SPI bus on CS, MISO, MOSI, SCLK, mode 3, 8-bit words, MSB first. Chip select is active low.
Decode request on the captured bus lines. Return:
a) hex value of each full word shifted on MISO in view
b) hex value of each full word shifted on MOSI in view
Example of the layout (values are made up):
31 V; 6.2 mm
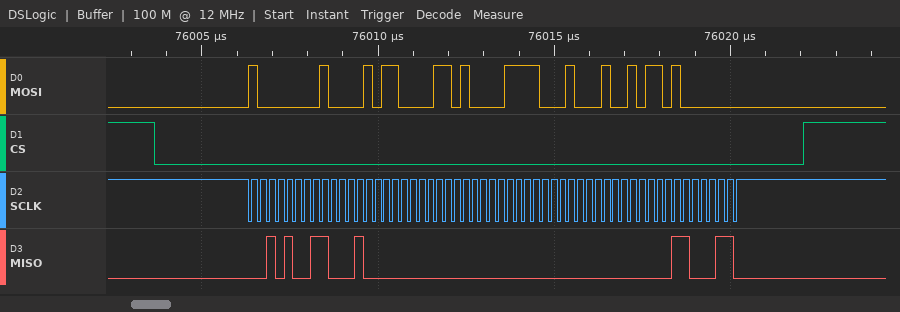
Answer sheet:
29, 88, 00, 00, 00, 00, C6; 80, 85, 86, 87, 88, 96, 80
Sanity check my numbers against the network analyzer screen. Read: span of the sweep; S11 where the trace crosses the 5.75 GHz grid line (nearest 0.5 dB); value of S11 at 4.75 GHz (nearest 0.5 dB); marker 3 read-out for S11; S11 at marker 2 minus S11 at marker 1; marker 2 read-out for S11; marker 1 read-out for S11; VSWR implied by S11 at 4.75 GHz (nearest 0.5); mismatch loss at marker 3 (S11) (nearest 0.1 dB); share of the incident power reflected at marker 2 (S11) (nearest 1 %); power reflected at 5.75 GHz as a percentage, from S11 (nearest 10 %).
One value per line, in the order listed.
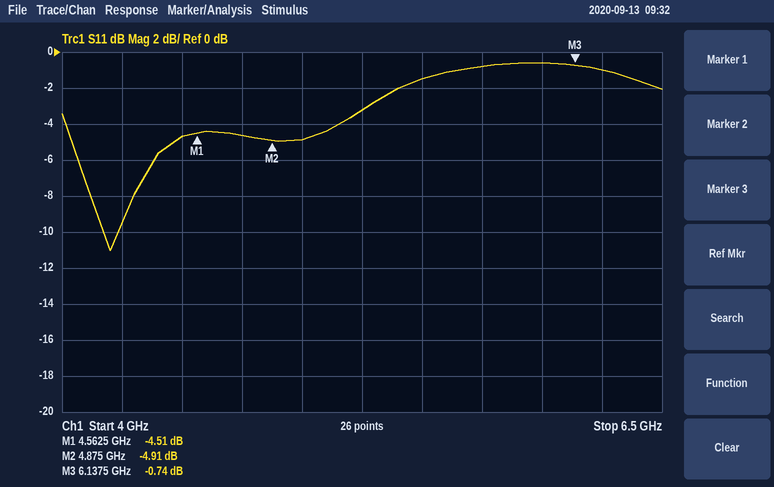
────
- **Problem to work on**:
Take every line above where "view" appears and copy it.

- **Solution to this problem**:
a) hex value of each full word shifted on MISO in view
b) hex value of each full word shifted on MOSI in view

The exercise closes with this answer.